Weil auch die Insektizidpalette ausdünnt, rücken schon fast vergessene Krankheiten wieder in den Fokus – die Vergilbungsvirosen. Seit dem Verbot der Neonicotinoid-haltigen Beizen ist die Gefahr des Befalls durch das Rübenvergilbungsvirus sprunghaft angestiegen.
So zeigten sich bereits im ersten Jahr ohne den bewährten Beizschutz (2019) die Folgen z.B. auf rheinischen Rübenfeldern. Schon im Frühjahr, kurz vor dem Auflaufen der Rüben, kam es vielerorts zu starkem Befall mit Schwarzen Bohnenläusen, der teils zu erheblichen Saugschäden führte.
Die Grüne Pfirsichblattlaus trat zwar seltener auf, von ihr geht aber ein besonders hohes Risiko als Überträger (Vektor) von Viruserkrankungen aus. Die typischen Symptome viruskranker Rüben (orangegelbe Verfärbungen beim BMYV bzw. fahlgelb verfärbte Blattspreiten mit Nekrosen beim BYV) sind meist nur noch den älteren Landwirten bekannt. Denn durch die Neonic-Beizen traten Infektionen seit 25 Jahren praktisch kaum auf.

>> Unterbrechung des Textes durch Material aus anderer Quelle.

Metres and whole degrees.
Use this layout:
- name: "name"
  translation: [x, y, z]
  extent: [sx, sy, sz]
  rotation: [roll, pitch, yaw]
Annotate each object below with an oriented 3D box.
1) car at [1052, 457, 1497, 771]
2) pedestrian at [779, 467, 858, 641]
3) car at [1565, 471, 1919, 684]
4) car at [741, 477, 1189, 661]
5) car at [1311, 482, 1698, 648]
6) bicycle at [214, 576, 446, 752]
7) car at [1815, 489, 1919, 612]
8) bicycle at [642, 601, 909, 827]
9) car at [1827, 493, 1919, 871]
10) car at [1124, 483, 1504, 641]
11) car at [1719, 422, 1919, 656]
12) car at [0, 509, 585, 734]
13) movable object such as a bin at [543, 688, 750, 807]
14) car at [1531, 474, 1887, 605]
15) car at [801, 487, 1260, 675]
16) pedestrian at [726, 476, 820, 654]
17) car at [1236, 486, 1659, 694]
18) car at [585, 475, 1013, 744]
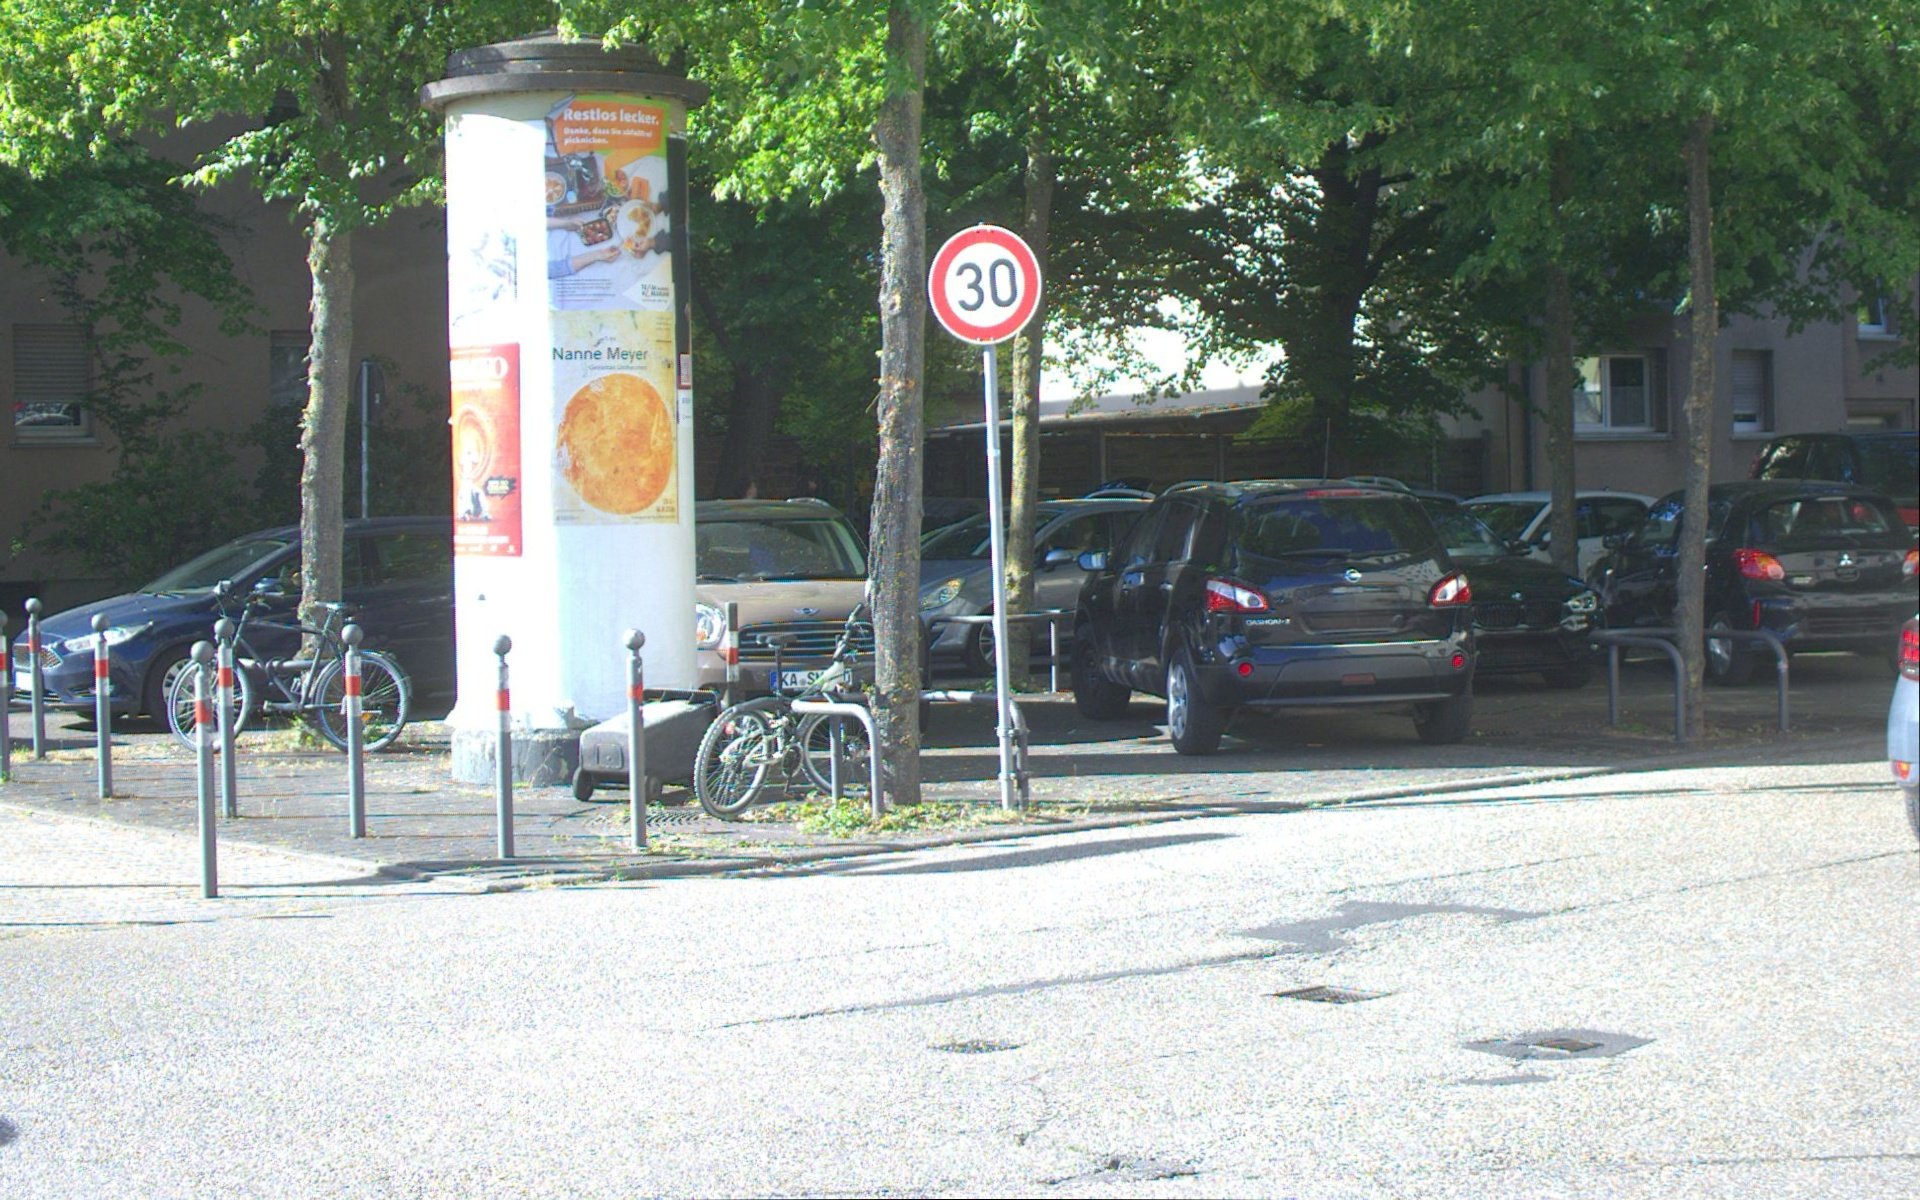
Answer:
- name: "car"
  translation: [1.868, -0.013, 21.828]
  extent: [1.831, 1.665, 4.339]
  rotation: [-1, 4, -8]
- name: "pedestrian"
  translation: [-1.436, -0.466, 34.831]
  extent: [0.740, 1.729, 0.540]
  rotation: [-2, 2, -5]
- name: "car"
  translation: [6.127, -0.222, 26.310]
  extent: [1.755, 1.475, 3.825]
  rotation: [-2, 2, -9]
- name: "car"
  translation: [0.097, -0.347, 33.820]
  extent: [4.235, 1.634, 1.759]
  rotation: [-3, 2, -40]
- name: "car"
  translation: [5.406, -0.381, 33.834]
  extent: [3.939, 1.481, 1.758]
  rotation: [-3, 3, -45]
- name: "bicycle"
  translation: [-4.108, 0.400, 22.495]
  extent: [0.353, 1.068, 1.589]
  rotation: [0, 2, 41]
- name: "car"
  translation: [11.671, -0.607, 38.657]
  extent: [4.401, 1.290, 1.769]
  rotation: [-3, 0, -41]
- name: "bicycle"
  translation: [-0.940, 0.571, 17.878]
  extent: [0.353, 1.068, 1.589]
  rotation: [0, 2, 41]
- name: "car"
  translation: [5.653, 0.254, 14.486]
  extent: [4.011, 1.492, 1.724]
  rotation: [-3, 2, -37]
- name: "car"
  translation: [3.853, -0.443, 37.126]
  extent: [3.937, 1.564, 1.759]
  rotation: [-3, 2, -38]
- name: "car"
  translation: [8.198, -0.578, 29.794]
  extent: [1.929, 1.867, 4.504]
  rotation: [-1, 2, -4]
- name: "car"
  translation: [-5.244, 0.105, 26.511]
  extent: [4.288, 1.513, 1.908]
  rotation: [-3, 2, -38]
- name: "movable object such as a bin"
  translation: [-1.718, 0.804, 18.959]
  extent: [0.577, 0.563, 1.112]
  rotation: [0, 2, 31]
- name: "car"
  translation: [8.972, -0.747, 41.043]
  extent: [4.331, 1.430, 1.769]
  rotation: [-3, 2, -38]
- name: "car"
  translation: [0.671, -0.206, 30.174]
  extent: [3.939, 1.481, 1.758]
  rotation: [-3, 3, -45]
- name: "pedestrian"
  translation: [-1.851, -0.347, 33.971]
  extent: [0.538, 1.729, 0.742]
  rotation: [-3, 2, -42]
- name: "car"
  translation: [3.603, -0.128, 26.144]
  extent: [1.815, 1.417, 3.951]
  rotation: [-2, 2, -14]
- name: "car"
  translation: [-1.188, 0.015, 23.222]
  extent: [1.916, 1.605, 4.001]
  rotation: [-2, 2, -17]

Über das gesamte Rheinland gesehen, lag die Ausbreitung der sichtbaren Vergilbungsnester im vergangenen Jahr zwar noch unter 1 % der Rübenfläche, wodurch der wirtschaftliche Schaden überschaubar blieb. Bemerkenswert ist jedoch das hohe Schadpotenzial der Viren.
Doch wie können Rübenanbauer jetzt reagieren? Ein besonderes Augenmerk kommt der Bekämpfung der Grünen Pfirsichblattlaus zu. Der Bekämpfungsrichtwert liegt bei 10 % befallener Blätter bis Reihenschluss, für die Schwarze Bohnenlaus neuerdings bei 30 %. Nach Reihenschluss steigt der Wert bei beiden Lausarten auf 50 %. Um die Richtwerte möglichst genau zu treffen, wurden bundesweit neue Blattlaus-Monitoring-Systeme eingerichtet. In Nordrhein-Westfalen wird dies z. B. vom Landwirtschaftsministerium gefördert. Nach wie vor bleiben eigene intensive Feldkontrollen angeraten.
In puncto Insektizidverfügbarkeit gab es in diesem Jahr eine Notfallzulassung für den Einsatz von Carnadine und Mospilan SG. Wichtig sind auch vorbeugende Maßnahmen wie eine gute Feldhygiene und das Beseitigen von Infektionsquellen. Jeder virusbeladene Rübenkopf, der nach einem milden Winter im nächsten Frühjahr an der Bodenoberfläche neu austreibt, bietet Läusen die Möglichkeit, sich mit dem Rübenvergilbungsvirus zu beladen. Diese können dann wieder junge Rüben infizieren.